PROBLEM TO WORK ON:
Give back the whole listing exactly as written, leaving out each picture.

DATA:
-------

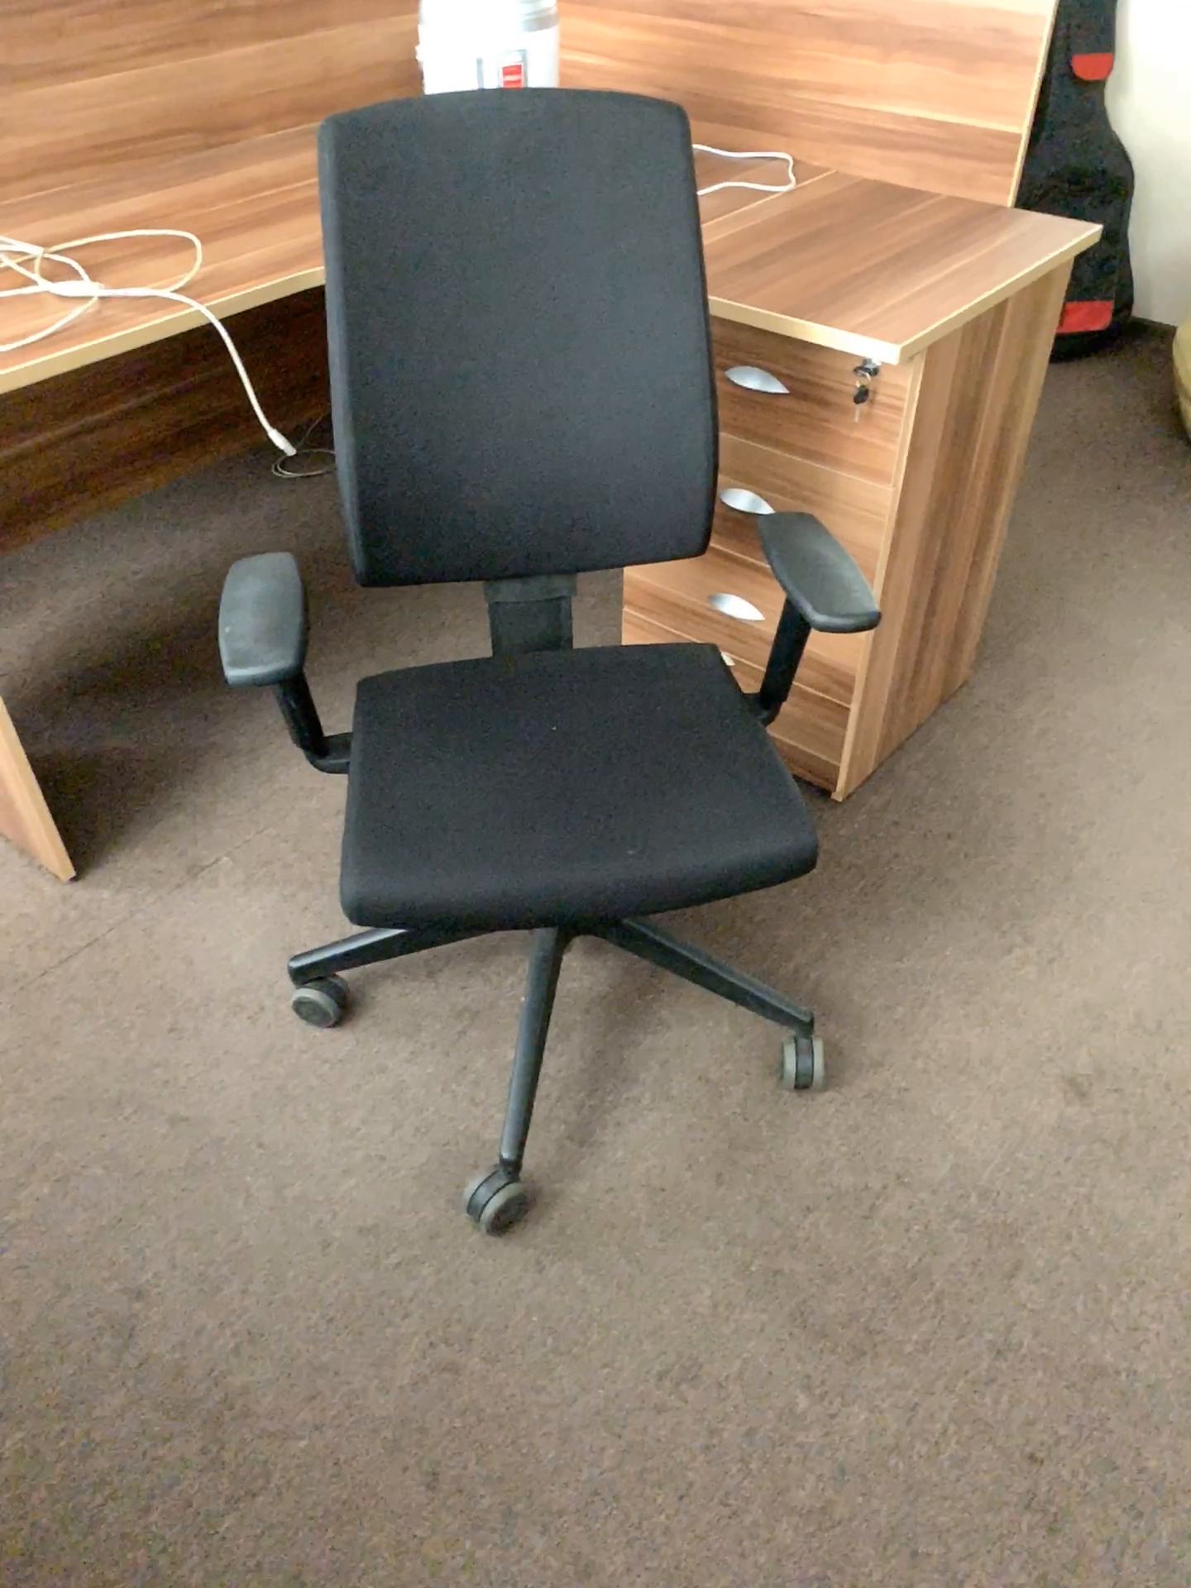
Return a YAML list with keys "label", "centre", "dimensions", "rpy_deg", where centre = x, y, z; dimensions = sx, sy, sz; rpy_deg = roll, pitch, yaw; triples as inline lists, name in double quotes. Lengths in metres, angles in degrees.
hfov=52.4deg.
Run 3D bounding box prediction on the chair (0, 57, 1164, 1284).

-------

SOLUTION TO THIS TASK:
Return a YAML list with keys "label", "centre", "dimensions", "rpy_deg", where centre = x, y, z; dimensions = sx, sy, sz; rpy_deg = roll, pitch, yaw; triples as inline lists, name in double quotes. Lengths in metres, angles in degrees.
hfov=52.4deg.
Run 3D bounding box prediction on the chair (0, 57, 1164, 1284).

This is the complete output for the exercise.